Rashi, quoting the midrash, says that the last time Jacob and Joseph studied Torah together, they studied the story of the Eglah Arufah. The Hebrew word for "wagon", agala, is similar to the Hebrew word for heifer, egel, so the wagons triggered Jacob's memory of the last lesson they learned together.
The Eglah Arufah is a story in Deuteronomy (21:1–9) that speaks of an unsolved murder in a field. If a person is found dead in a field, and the identity of the killer is unknown, the elders and judges of the nearest town must measure the distance to the surrounding cities. The elders of the nearest city must then take a heifer that has never been worked or yoked, bring it to a rough valley with a flowing stream, and break its neck there. They declare that they did not shed the blood of the victim: "Our hands did not shed this blood, nor did our eyes see it done."
When the text says that Joseph sent the wagons, not Pharaoh, it was a secret message to Jacob: your son Joseph still remembers your teachings and your influence, and despite his separation from his family, he is still a son of Jacob.
I want to share a deeper look at the wagons and the lesson Jacob taught his son Joseph before they separated. The story of the Eglah Arufah is a lesson of responsibility and what it means to be a Jew.
But the act itself was seen as strange, even by ancient eyes. One Rabbinic commentator, Shadal, (Samuel David Luzzatto, Italy; 1800-1865), gives his take on the reasoning of this ritual:
לחזק האמונה המפורסמת באומה שכל ישראל ערבים זה לזה . . .
It strengthens the belief in the Jewish nation that all Jews are responsible for each other . . .

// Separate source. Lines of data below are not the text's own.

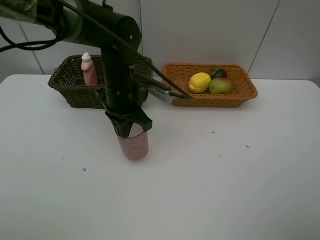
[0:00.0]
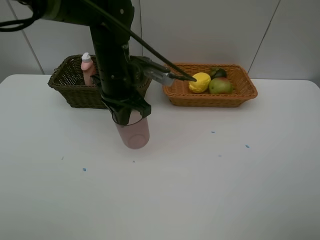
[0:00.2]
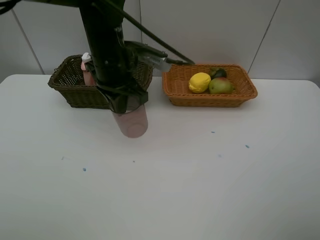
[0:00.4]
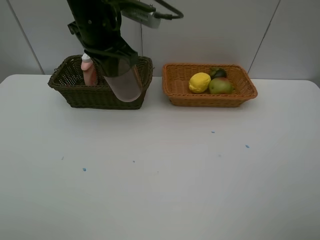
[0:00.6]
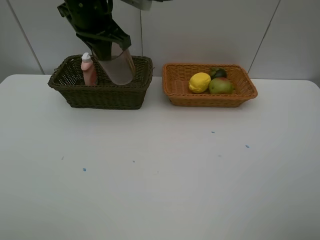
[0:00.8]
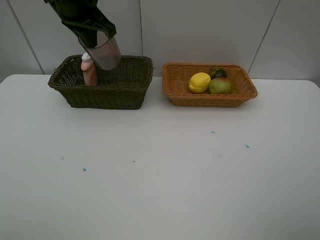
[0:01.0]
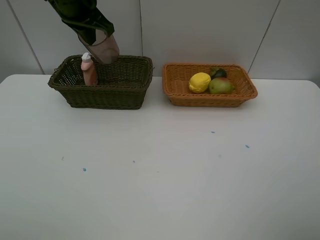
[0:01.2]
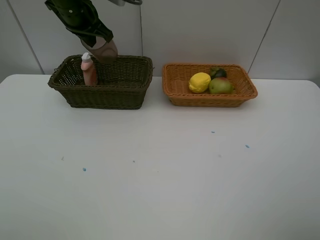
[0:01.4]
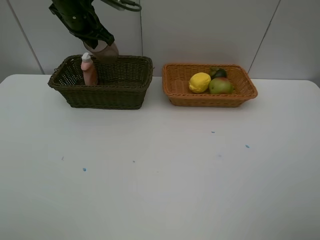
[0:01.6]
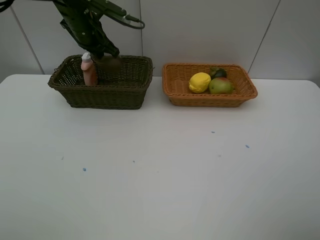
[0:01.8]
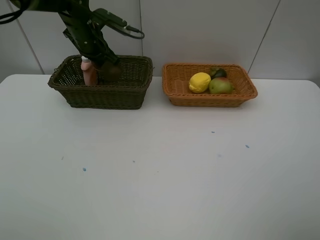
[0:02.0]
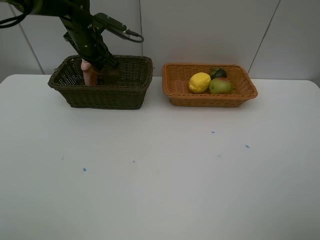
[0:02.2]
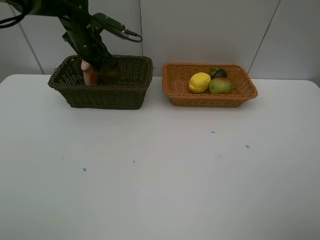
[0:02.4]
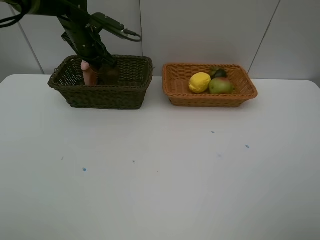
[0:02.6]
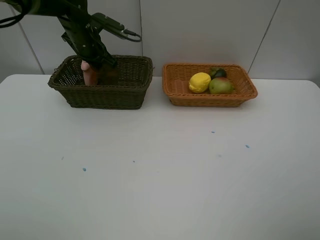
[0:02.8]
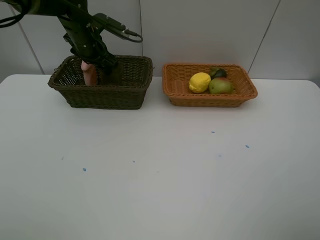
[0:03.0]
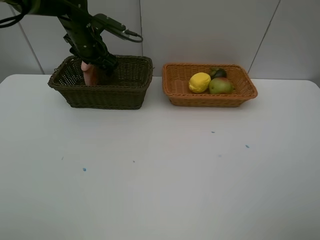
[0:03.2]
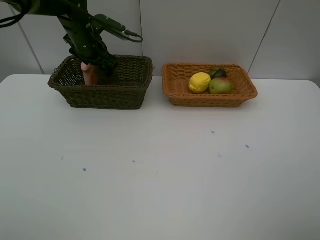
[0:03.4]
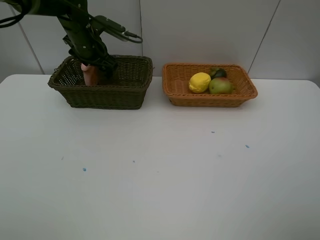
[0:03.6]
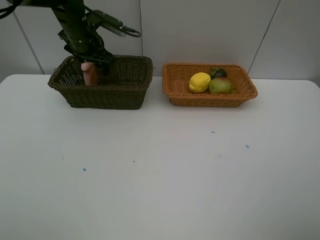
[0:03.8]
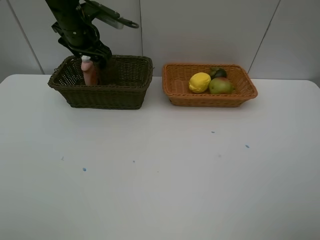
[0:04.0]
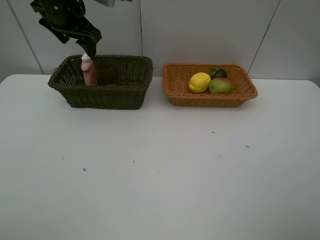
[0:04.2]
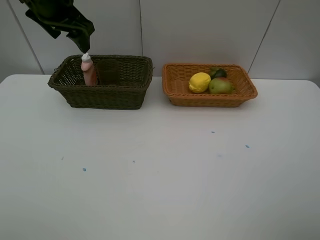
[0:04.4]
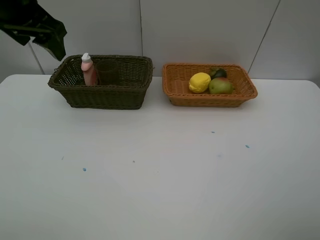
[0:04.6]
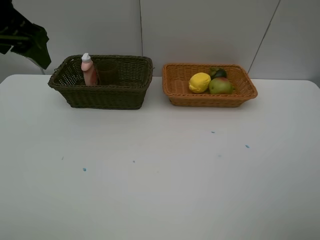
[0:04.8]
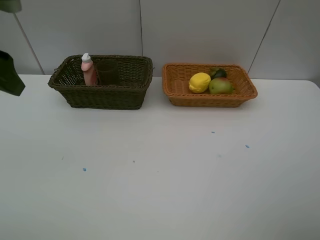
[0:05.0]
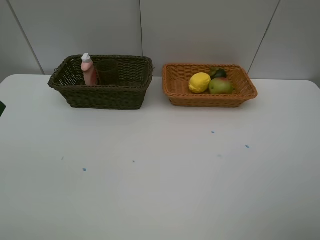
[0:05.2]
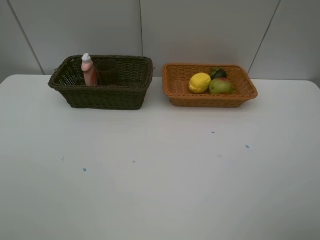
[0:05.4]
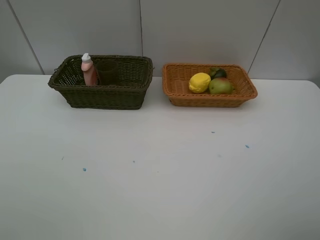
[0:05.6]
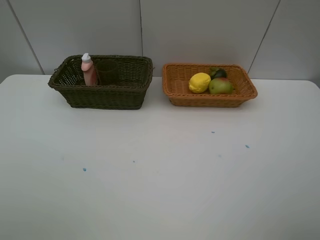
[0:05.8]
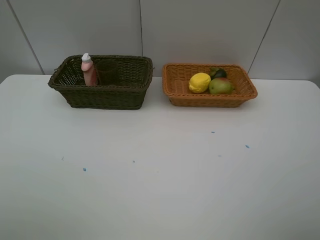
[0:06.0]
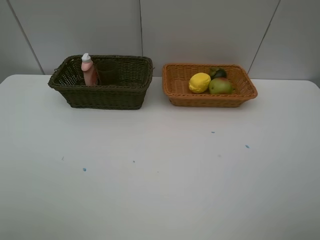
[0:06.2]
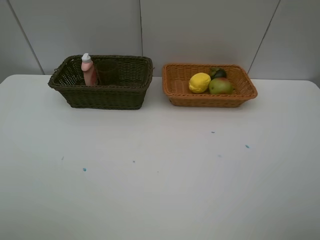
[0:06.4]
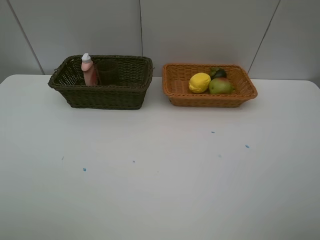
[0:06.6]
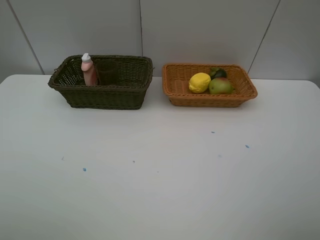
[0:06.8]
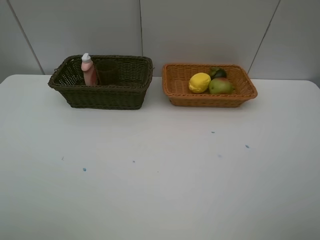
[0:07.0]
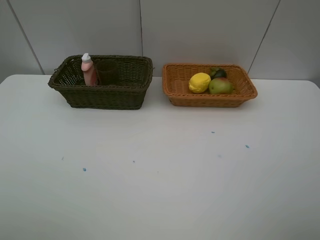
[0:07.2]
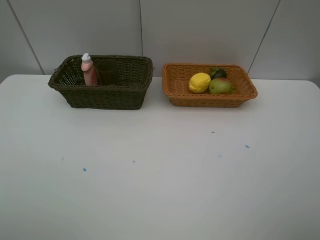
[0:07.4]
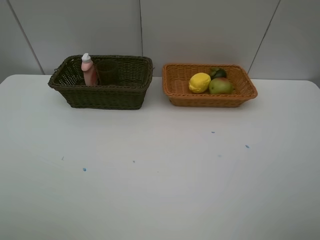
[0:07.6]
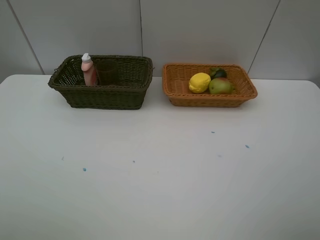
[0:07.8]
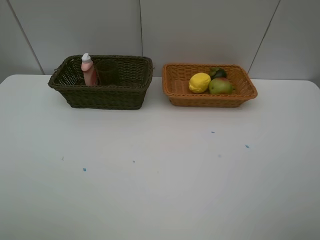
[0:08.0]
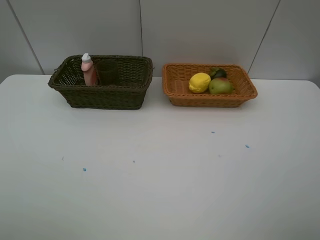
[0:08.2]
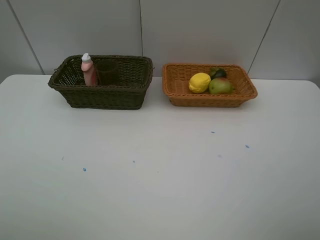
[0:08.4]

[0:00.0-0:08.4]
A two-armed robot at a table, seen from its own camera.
Task of the whole recording: Place multiple objects separately in different baskets.
0:00.0 to 0:01.4: The left gripper heads forward, upward and to the left, covering about 20 cm.
0:01.4 to 0:02.8: The left gripper shifts roughly 10 cm downward.
0:02.8 to 0:04.2: The left gripper shifts some 10 cm upward and backward, and opens.
0:04.2 to 0:05.6: The left gripper shifts some 35 cm backward.
0:07.0 to 0:08.4: The two grippers keep their place.

But I want to take it even a step further: every Jew is responsible for not just other Jews but Judaism itself.
I have experienced some interesting battles. For example, early on in my rabbinate, I recall a conversation with a religious school mother struggling with sending her child to school. Halfway into the conversation, I felt like I was the stand-in for this mother’s childhood rabbi, and she was battling with her parents, who made their child go to religious school four days a week (gasp!)! She said, "I don't want to put them through the same torture I went through. Therefore, I am not going to give them a Jewish education."
What I felt like saying but never did was the following: "I'm not that rabbi, and you're not your parents. We are in the here and now; we can bring parts of the past with us, or we can leave them behind, but here's the thing. The things we leave behind may never be picked up again, and the things we pick along the way may remain with us for generations."

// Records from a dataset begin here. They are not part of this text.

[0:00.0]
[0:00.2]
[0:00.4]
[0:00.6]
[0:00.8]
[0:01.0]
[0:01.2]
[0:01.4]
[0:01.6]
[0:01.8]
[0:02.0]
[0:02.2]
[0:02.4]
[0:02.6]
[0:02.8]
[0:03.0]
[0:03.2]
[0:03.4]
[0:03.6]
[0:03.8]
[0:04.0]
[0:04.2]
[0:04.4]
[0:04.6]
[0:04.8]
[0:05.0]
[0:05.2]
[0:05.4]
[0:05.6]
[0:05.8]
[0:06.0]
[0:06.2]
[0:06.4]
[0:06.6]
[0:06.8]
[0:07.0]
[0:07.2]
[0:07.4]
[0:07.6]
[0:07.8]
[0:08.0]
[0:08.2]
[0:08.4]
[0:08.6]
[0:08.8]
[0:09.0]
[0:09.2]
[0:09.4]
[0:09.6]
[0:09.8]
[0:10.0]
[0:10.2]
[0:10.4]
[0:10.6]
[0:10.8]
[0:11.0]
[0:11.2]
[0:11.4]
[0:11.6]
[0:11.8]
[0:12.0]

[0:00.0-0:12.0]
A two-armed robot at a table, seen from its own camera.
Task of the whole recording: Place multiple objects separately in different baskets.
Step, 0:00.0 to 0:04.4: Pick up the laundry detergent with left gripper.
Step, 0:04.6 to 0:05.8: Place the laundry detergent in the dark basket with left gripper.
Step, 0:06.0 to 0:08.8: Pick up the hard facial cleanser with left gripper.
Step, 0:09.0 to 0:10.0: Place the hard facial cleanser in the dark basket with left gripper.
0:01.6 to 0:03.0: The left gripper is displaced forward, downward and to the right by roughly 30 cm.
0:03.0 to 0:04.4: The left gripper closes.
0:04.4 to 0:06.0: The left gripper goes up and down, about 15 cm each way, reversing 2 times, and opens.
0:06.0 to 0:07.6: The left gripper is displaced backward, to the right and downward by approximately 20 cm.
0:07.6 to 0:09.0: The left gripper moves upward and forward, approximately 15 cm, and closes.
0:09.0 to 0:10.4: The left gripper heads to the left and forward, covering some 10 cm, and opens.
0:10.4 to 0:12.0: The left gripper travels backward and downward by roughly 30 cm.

A quote is attributed to the American novelist Mark Twain: "When I was a boy of fourteen, my father was so ignorant I could hardly stand to have the old man around. But when I got to be twenty-one, I was astonished at how much he had learned in seven years."
A teacher at the Conservative Yeshiva, Ilana Kurshan, gave an interesting take on the mindset of Jacob and Joseph at this moment between Jacob and Joseph as a foil for all Jewish parents and children. She writes:
"When Jacob sees the wagons, he realizes not just that his son is still alive, but that he still upholds the values with which he was raised. Jacob's realization is a reminder that generational distance may be not only physical, but also psychological; a parent may feel that a child has abandoned the values that parent sought to inculcate, or a child may feel that a parent has abdicated responsibility. Perhaps there is no greater gift we can bestow upon our parents than the assurance that we, their children, remain committed to their values and will convey them—wagonload by wagonload—to the next generation."
One of the greatest gifts we can give to our children, our children of all ages, is to teach them our tradition, even if we may disagree with certain parts, because although we may think of them as extensions of ourselves, they are not, which makes parenting even that more holy because it is even more selfless than we thought.
All Jews are responsible for one another, but what might be even more important is that each generation is responsible for Judaism, our past, our present, and our future.